Накопил денег, дом хороший в деревне себе построил, сестра у него жила с племянниками. А сам вдовый был, бездетный. Ну, жил и жил, с перемогами. Тройное получал! А теперь слушай про его будто грех…
Годов шесть тому было. Роботали мы по храму Христа Спасителя, от больших подрядчиков. Каменный он весь, а и нашей роботки там много было… помосты там, леса ставили, переводы-подводы, то-сё… обшивочки, и под куполом много было всякого подмостья. Приехал государь поглядеть, спорные были переделки. В семьдесят в третьем, что ли, годе, в августе месяце, тёпло еще было. Ну, все подрядчики по такому случаю артели выставили, показаться государю, царю-освободителю, Лександре Николаичу нашему. Приодели робят в чистое во все. И мы с другими, большая наша была артель, видный такой народ… худого не скажу, всегда хорошие у нас харчи были, каши не поедали – отваливались. Вот государь посмотрел всю отделку, доволен остался. Выходит с провожатыми, со всеми генералами и князьями. И наш, стало быть, Владимир Ондреич, князь Долгоруков, с ними, генерал-губернатор. Очень его государь жаловал. И наш еще Лександра Лександрыч Козлов, самый обер-польцимейстер, бравый такой, дли-инные усы, хвостами, хороший человек, зря никого не обижал. Ну, которые начальство при постройке – показывают робят, робочий народ. Государь поздоровался, покивал, да… сияние от него такое, всякие медали… «Спасибо, – говорит, – молодцы!»

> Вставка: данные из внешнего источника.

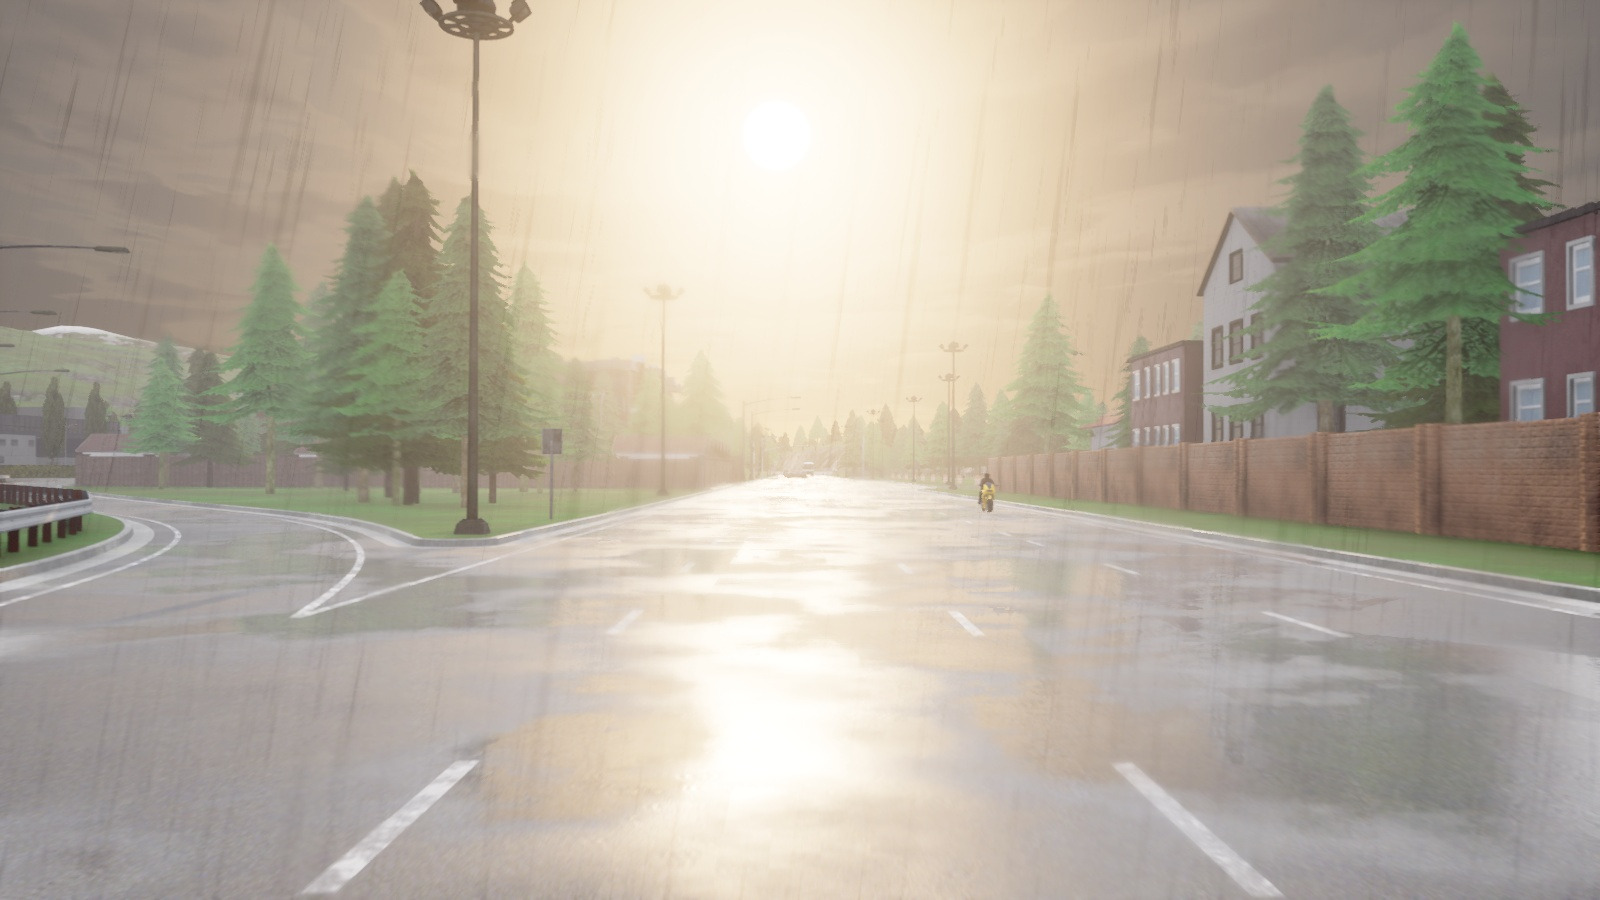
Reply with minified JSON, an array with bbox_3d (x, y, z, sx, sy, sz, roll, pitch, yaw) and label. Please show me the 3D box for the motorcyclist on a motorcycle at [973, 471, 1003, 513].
[{"bbox_3d":[7.050,1.557,47.134,0.797,1.523,2.044,0,-1,0],"label":"motorcyclist on a motorcycle"}]
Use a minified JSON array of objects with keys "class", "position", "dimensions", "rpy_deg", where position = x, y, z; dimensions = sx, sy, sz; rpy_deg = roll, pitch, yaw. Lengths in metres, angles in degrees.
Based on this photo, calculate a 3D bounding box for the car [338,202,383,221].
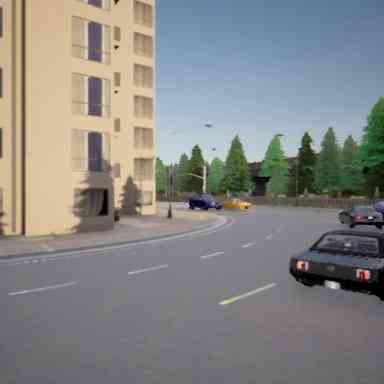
[{"class":"car","position":[11.271,1.605,22.356],"dimensions":[2.033,1.411,5.357],"rpy_deg":[0,0,14]}]

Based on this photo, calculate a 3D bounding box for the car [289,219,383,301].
[{"class":"car","position":[4.352,1.623,8.471],"dimensions":[1.895,1.301,4.718],"rpy_deg":[0,0,42]}]

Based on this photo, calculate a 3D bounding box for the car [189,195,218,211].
[{"class":"car","position":[1.679,1.352,42.594],"dimensions":[2.150,2.045,5.566],"rpy_deg":[0,0,-30]}]

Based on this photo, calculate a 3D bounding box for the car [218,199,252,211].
[{"class":"car","position":[5.692,1.604,42.229],"dimensions":[1.882,1.535,5.008],"rpy_deg":[0,0,-26]}]
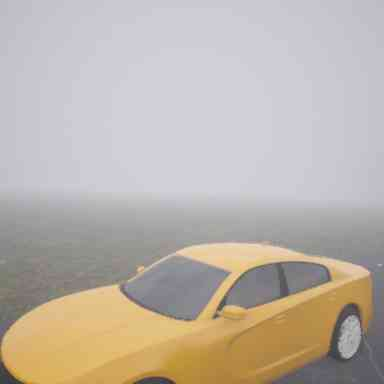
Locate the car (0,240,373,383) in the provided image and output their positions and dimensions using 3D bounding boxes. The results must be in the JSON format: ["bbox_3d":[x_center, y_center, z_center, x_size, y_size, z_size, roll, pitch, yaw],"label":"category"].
[{"bbox_3d":[0.386,1.460,4.303,5.008,1.535,1.882,1,1,-36],"label":"car"}]
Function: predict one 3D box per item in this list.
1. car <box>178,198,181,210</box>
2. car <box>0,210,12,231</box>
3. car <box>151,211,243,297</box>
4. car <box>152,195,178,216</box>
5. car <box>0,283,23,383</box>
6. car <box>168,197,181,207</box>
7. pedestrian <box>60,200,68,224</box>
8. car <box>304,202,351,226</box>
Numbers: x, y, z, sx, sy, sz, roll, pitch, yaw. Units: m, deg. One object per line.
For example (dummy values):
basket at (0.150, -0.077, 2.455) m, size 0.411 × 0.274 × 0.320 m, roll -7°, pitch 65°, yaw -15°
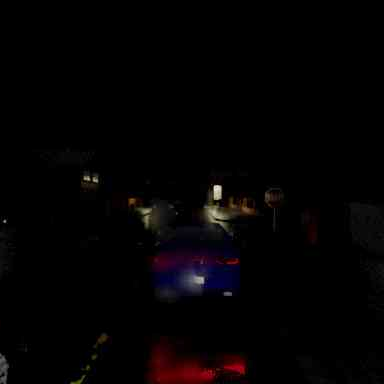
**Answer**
car at (-2.814, 1.424, 45.231) m, size 2.150 × 2.045 × 5.566 m, roll 0°, pitch -1°, yaw 0°
car at (-13.529, 1.375, 19.273) m, size 5.566 × 2.045 × 2.150 m, roll -1°, pitch -2°, yaw 1°
car at (0.105, 1.492, 8.652) m, size 1.882 × 1.535 × 5.008 m, roll 0°, pitch 0°, yaw 0°
car at (-2.810, 1.468, 33.925) m, size 2.097 × 1.767 × 4.553 m, roll 0°, pitch 0°, yaw 0°
car at (-2.848, 1.493, 1.833) m, size 2.128 × 1.511 × 4.902 m, roll 0°, pitch 0°, yaw 0°
car at (-3.057, 1.684, 57.689) m, size 2.097 × 1.767 × 4.553 m, roll 0°, pitch -1°, yaw -3°
pedestrian at (-9.641, 1.454, 25.094) m, size 0.375 × 1.860 × 0.375 m, roll 0°, pitch -1°, yaw 1°
car at (9.949, 1.444, 21.897) m, size 4.902 × 1.511 × 2.128 m, roll -1°, pitch -2°, yaw 1°
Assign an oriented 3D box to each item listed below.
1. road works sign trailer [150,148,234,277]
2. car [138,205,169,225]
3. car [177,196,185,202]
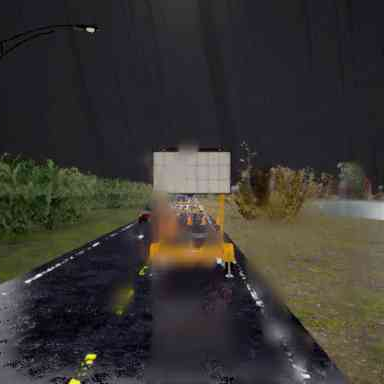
[{"bbox_3d":[-0.004,0.471,10.218,2.380,3.560,2.880,0,0,0],"label":"road works sign trailer"},{"bbox_3d":[-2.759,1.627,24.526,1.895,1.301,4.718,0,0,0],"label":"car"},{"bbox_3d":[-2.772,1.743,85.976,1.812,1.442,4.674,0,0,0],"label":"car"}]
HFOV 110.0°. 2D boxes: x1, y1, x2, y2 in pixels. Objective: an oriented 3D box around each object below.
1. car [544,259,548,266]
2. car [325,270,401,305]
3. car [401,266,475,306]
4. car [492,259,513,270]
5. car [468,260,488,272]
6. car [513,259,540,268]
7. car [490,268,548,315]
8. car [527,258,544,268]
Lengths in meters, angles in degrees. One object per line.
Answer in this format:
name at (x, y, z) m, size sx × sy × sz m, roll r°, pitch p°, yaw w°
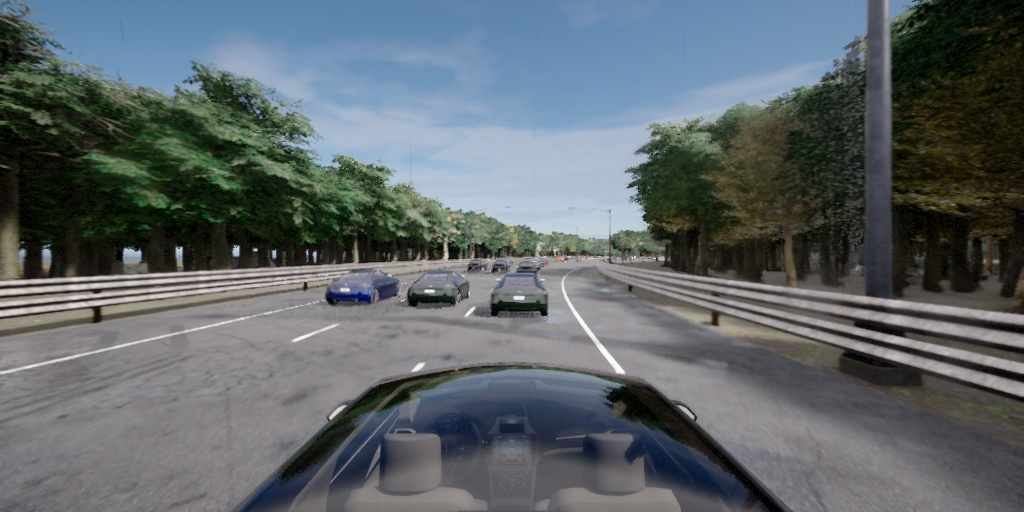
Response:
car at (4.503, 1.208, 60.633) m, size 2.128 × 1.511 × 4.902 m, roll 0°, pitch 0°, yaw 8°
car at (-6.533, 1.308, 16.218) m, size 1.994 × 1.385 × 4.181 m, roll 0°, pitch 0°, yaw 3°
car at (-3.051, 1.315, 15.671) m, size 1.994 × 1.385 × 4.181 m, roll 0°, pitch 0°, yaw 3°
car at (-1.175, 1.257, 42.481) m, size 1.837 × 1.490 × 4.892 m, roll 0°, pitch 0°, yaw 6°
car at (-4.347, 1.243, 45.853) m, size 1.837 × 1.490 × 4.892 m, roll 0°, pitch 0°, yaw 6°
car at (1.402, 1.262, 32.742) m, size 1.837 × 1.490 × 4.892 m, roll 0°, pitch 0°, yaw 4°
car at (0.301, 1.317, 13.531) m, size 1.994 × 1.385 × 4.181 m, roll 0°, pitch 0°, yaw 2°
car at (2.946, 1.343, 48.718) m, size 1.895 × 1.301 × 4.718 m, roll 0°, pitch 0°, yaw 7°
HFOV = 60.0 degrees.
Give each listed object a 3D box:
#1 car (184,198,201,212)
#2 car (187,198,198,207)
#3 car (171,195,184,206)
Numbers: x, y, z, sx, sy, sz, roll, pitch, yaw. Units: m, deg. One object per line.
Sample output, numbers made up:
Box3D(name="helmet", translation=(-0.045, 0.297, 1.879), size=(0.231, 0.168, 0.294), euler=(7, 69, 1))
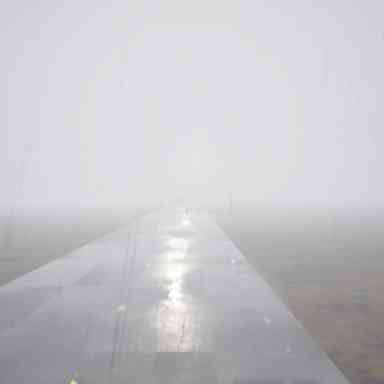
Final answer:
Box3D(name="car", translation=(0.095, 1.764, 42.442), size=(1.812, 1.442, 4.674), euler=(0, 0, 0))
Box3D(name="car", translation=(0.093, 1.863, 60.144), size=(1.812, 1.442, 4.674), euler=(0, -1, 0))
Box3D(name="car", translation=(-2.757, 1.612, 62.771), size=(2.150, 2.045, 5.566), euler=(0, 0, 0))
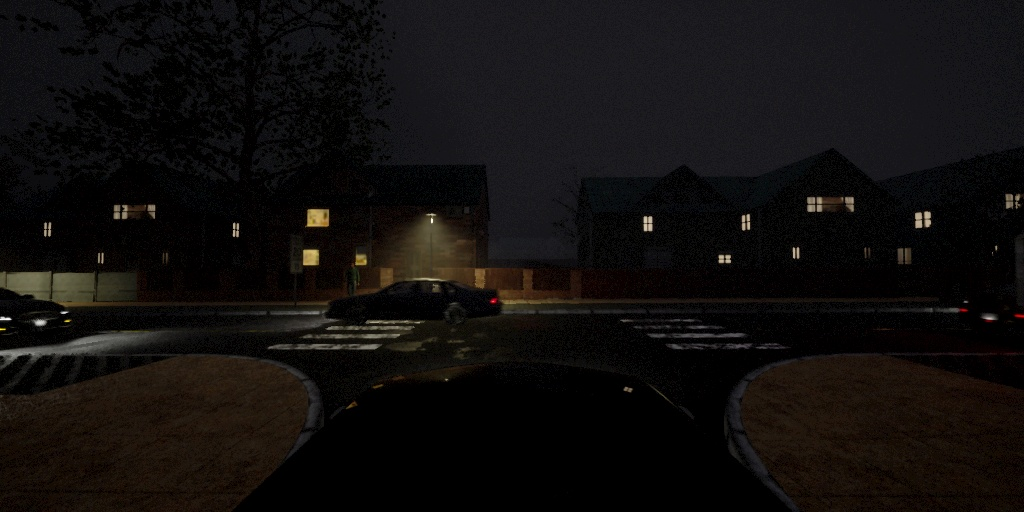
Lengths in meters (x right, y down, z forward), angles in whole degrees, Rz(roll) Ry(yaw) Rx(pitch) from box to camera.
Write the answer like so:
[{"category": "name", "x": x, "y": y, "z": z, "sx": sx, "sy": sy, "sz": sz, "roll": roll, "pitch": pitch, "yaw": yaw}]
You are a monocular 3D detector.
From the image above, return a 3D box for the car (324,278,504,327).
[{"category": "car", "x": -2.963, "y": 1.410, "z": 11.451, "sx": 5.357, "sy": 1.411, "sz": 2.033, "roll": -1, "pitch": -1, "yaw": 2}]

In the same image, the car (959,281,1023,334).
[{"category": "car", "x": 13.066, "y": 1.171, "z": 8.026, "sx": 4.674, "sy": 1.442, "sz": 1.812, "roll": 0, "pitch": -1, "yaw": 2}]

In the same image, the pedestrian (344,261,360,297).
[{"category": "pedestrian", "x": -6.467, "y": 1.113, "z": 14.482, "sx": 0.375, "sy": 1.860, "sz": 0.375, "roll": 0, "pitch": -1, "yaw": 2}]

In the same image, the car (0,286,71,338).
[{"category": "car", "x": -13.940, "y": 1.403, "z": 8.834, "sx": 4.892, "sy": 1.490, "sz": 1.837, "roll": -1, "pitch": -1, "yaw": 2}]
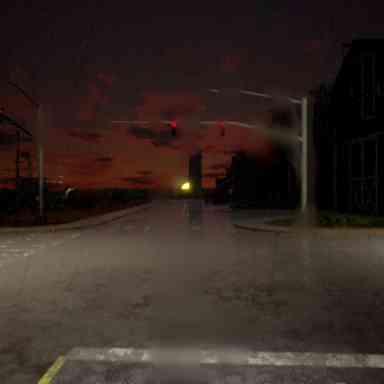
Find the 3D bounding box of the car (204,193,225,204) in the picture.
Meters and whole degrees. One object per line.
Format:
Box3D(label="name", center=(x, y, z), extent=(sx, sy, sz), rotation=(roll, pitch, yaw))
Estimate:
Box3D(label="car", center=(4.157, 1.206, 61.119), extent=(1.905, 1.878, 3.866), rotation=(-8, 3, -42))
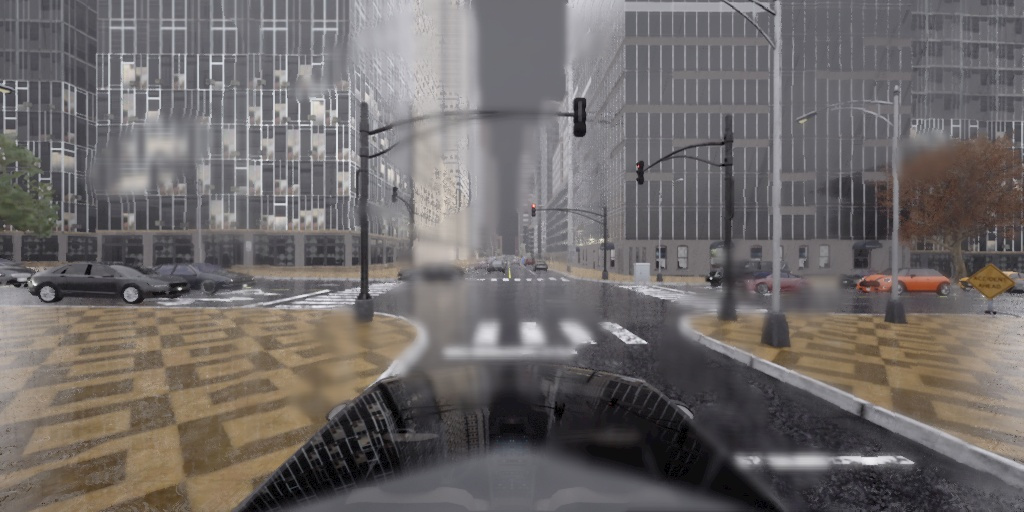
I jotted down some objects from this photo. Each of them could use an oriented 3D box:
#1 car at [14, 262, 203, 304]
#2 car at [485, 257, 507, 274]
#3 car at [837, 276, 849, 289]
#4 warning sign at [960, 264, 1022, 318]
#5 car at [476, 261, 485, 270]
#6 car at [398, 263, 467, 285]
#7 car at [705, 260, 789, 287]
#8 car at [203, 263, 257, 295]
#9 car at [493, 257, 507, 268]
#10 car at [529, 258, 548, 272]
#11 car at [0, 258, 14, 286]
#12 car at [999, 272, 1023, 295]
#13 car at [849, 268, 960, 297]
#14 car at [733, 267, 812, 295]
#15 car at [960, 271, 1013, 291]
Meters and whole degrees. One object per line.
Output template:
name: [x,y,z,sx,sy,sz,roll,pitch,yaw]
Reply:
car: [-15.427,0.994,13.945,4.892,1.490,1.837,1,0,-3]
car: [-1.756,1.230,42.057,1.882,1.535,5.008,0,0,-1]
car: [26.289,1.805,26.095,4.181,1.385,1.994,1,0,-3]
warning sign: [17.213,1.201,12.901,1.060,1.860,1.300,0,0,-3]
car: [-4.322,1.326,52.068,1.802,1.307,4.207,0,0,-1]
car: [-5.585,1.236,25.593,4.892,1.490,1.837,2,3,-39]
car: [16.900,1.295,25.601,5.566,2.045,2.150,1,0,-3]
car: [-15.440,1.035,17.233,5.357,1.411,2.033,1,0,0]
car: [-1.914,1.089,59.384,2.097,1.767,4.553,0,0,0]
car: [3.663,1.315,46.623,1.948,1.339,4.313,0,0,-1]
car: [-25.374,0.797,16.682,4.902,1.511,2.128,1,0,-3]
car: [33.779,1.941,23.221,4.181,1.385,1.994,1,0,-2]
car: [24.781,1.568,22.757,4.553,1.767,2.097,1,0,-3]
car: [16.087,1.624,22.305,4.181,1.385,1.994,1,0,-3]
car: [36.318,1.899,26.609,5.008,1.535,1.882,1,0,-3]
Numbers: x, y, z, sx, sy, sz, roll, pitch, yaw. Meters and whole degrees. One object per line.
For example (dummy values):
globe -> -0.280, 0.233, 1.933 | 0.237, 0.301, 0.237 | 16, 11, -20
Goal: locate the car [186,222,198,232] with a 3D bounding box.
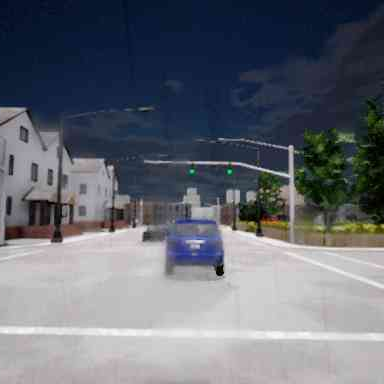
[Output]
car -> 0.003, 5.960, 57.173 | 1.837, 1.490, 4.892 | 0, -5, 0

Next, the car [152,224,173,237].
car -> -3.628, 4.734, 41.698 | 2.033, 1.411, 5.357 | 0, -5, 0

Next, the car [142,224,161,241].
car -> -3.629, 4.013, 32.050 | 1.895, 1.301, 4.718 | 0, -5, 0

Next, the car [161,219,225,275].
car -> 0.103, 2.161, 13.973 | 2.150, 2.045, 5.566 | 1, -5, 0

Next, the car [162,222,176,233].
car -> -3.582, 5.509, 51.878 | 1.837, 1.490, 4.892 | 0, -5, 0
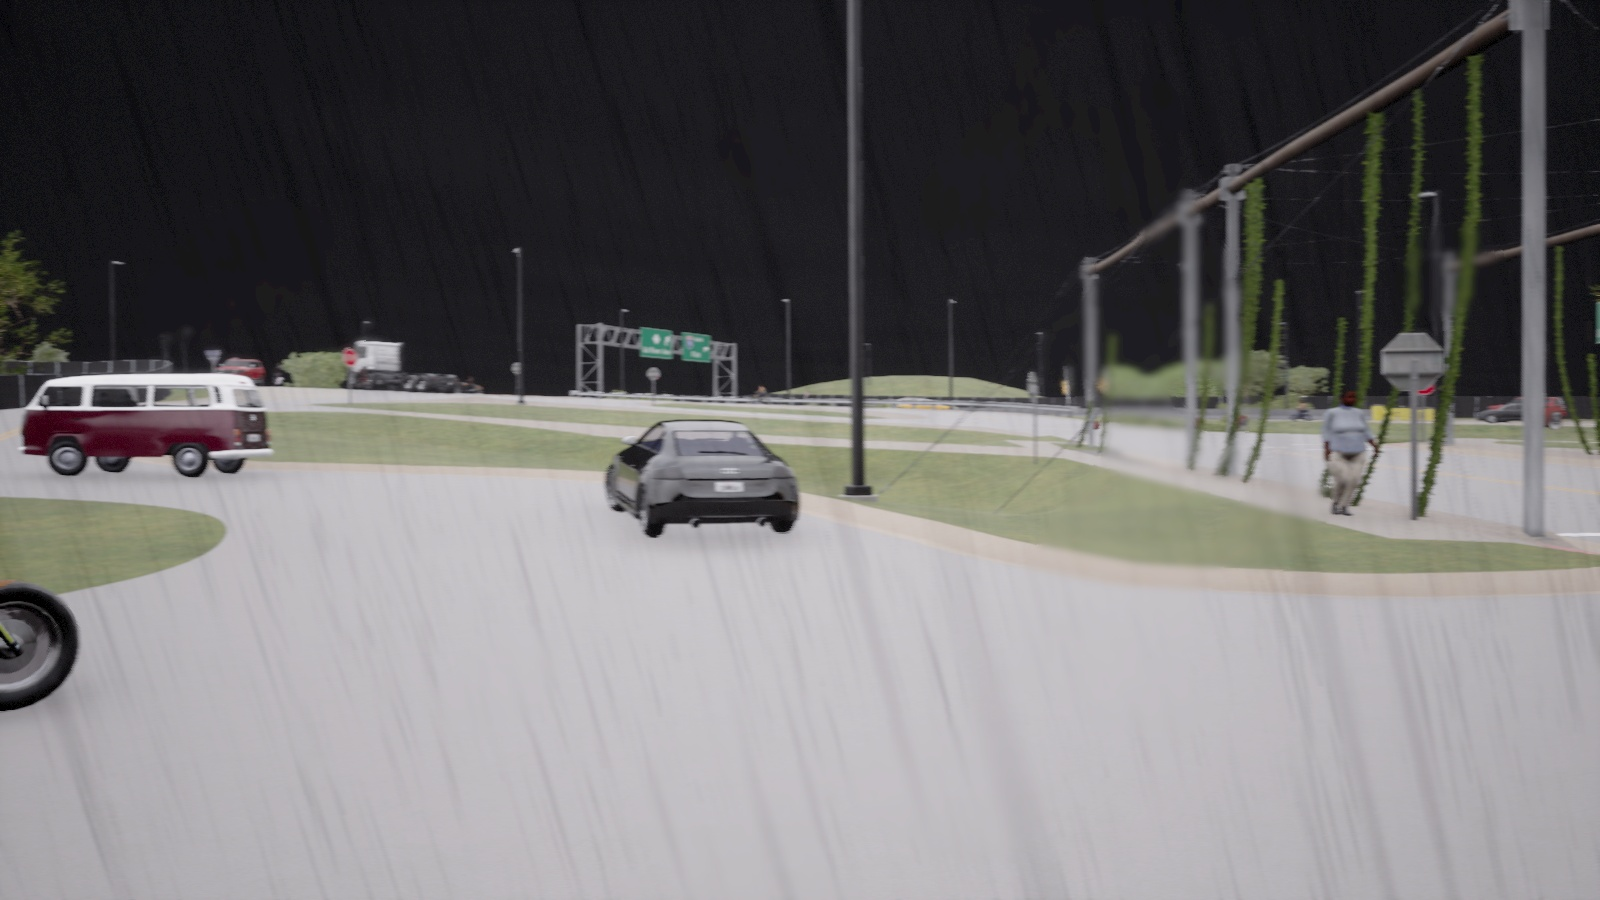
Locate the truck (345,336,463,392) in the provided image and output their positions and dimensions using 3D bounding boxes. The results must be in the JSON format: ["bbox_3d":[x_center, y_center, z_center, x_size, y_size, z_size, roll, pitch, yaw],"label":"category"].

Ну, «ура» покричали, хорошо. К нам подходит. А Мартын первый с краю стоял, высокий, в розовой рубахе новой, борода седая, по сех пор, хороший такой ликом, благочестивый. Государь и приостановился, пондравился ему, стало быть, наш Мартын. «Хорош, – говорит, – старик… самый русской!» А Козлов-то князю Долгорукому и доложи: «Может государю его величеству глаз свой доказать, чего ни у кого нет». А он, стало быть, про Мартына знал. Роботали мы в доме генерал-губернатора, на Тверской, против каланчи, и Мартын князю-то секрет свой и доказал. А по тому секрету звали Мартына так: «Мартын, покажи аршин![24]